I, of course, attended school. The small village abounded in well-trained and exceptionally talented teachers. My art teacher was no exception – one the most inspiring people I have ever met. Her name is Bátki Erika (in Hungary, names are on the reverse), and she spotted my passion for visual arts immediately. For eight years, I relentlessly created under her wings. With an impeccable instinct for teaching, she trained me to use my synaesthetic mind to gain inspiration for painting from songs, poems, smells, surfaces – every single experience a body can shower your mind with.

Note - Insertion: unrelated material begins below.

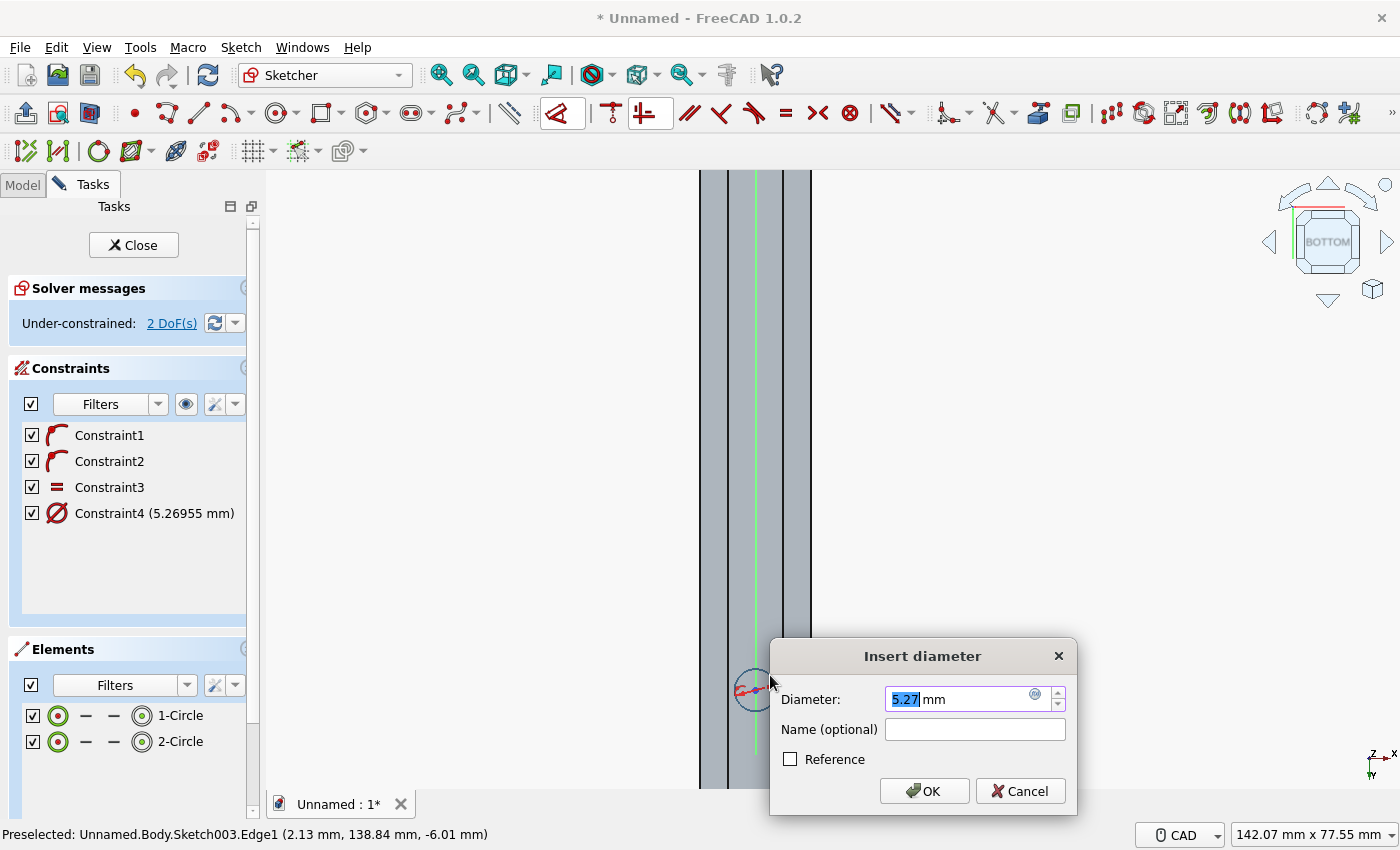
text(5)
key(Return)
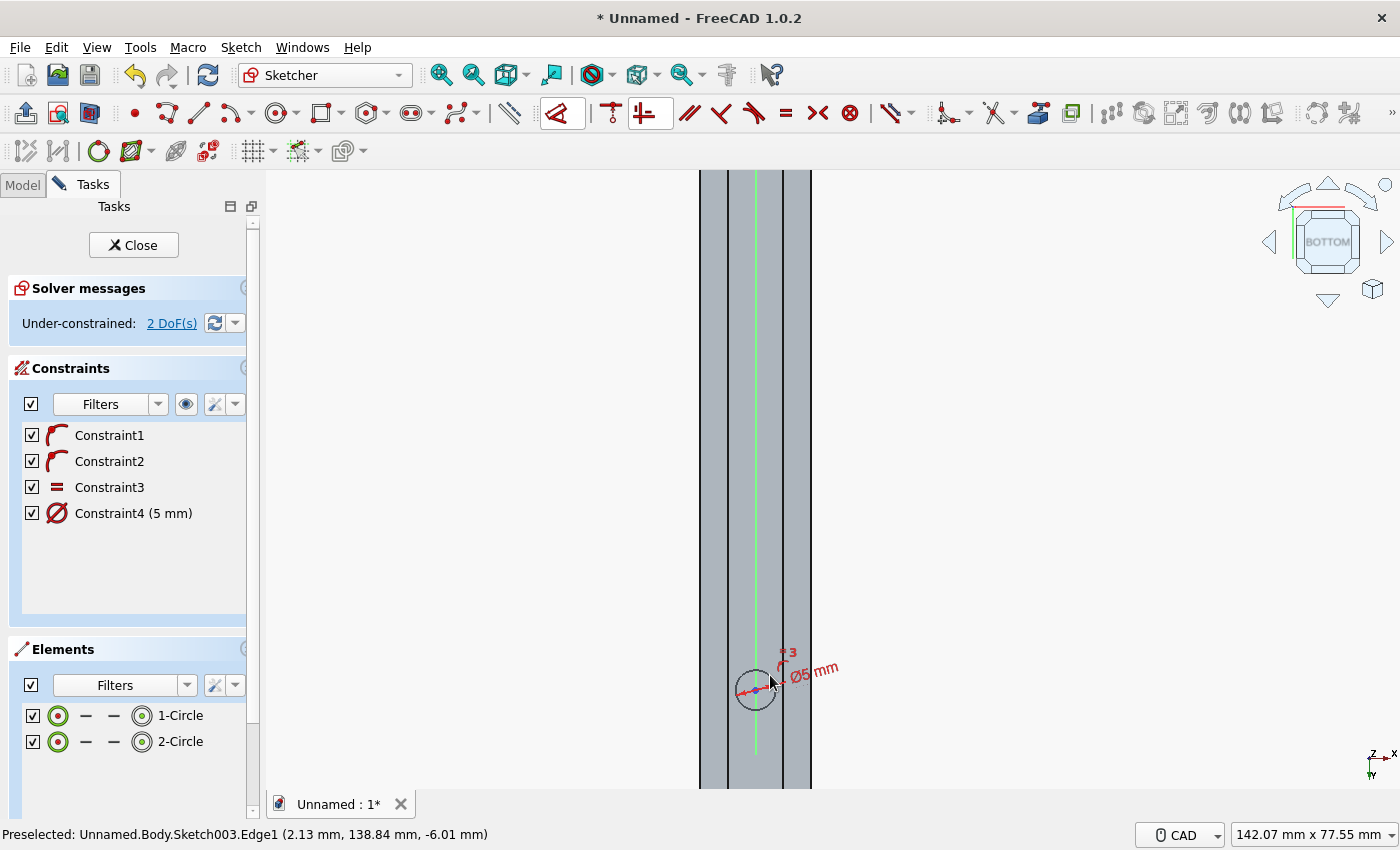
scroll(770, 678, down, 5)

“The monotony and solitude of a quiet life stimulates the creative mind.”

Albert Einstein

Later, in 1989 the borders opened. Finally we could travel, and travel we did, cheap and economy class on Hungarian money, but as a young teenager, with my family, I soaked in the diverse cultures of Europe and the globe. The passion, heat and heavy arts history in Italy, the remnants of the old empire in Greece, the cool and precise works in Germany, the centre of the EU Belgium, the sophisticated France. I studied Spanish in Spain and traveled around in Canada, snorkeled in the body-warm salty waters of Key West, and skied in the snowy mountains of Slovakia, wondered onto a mine-field in the post-war Croatia and seen spaceships ready to launch in Cape Canaveral .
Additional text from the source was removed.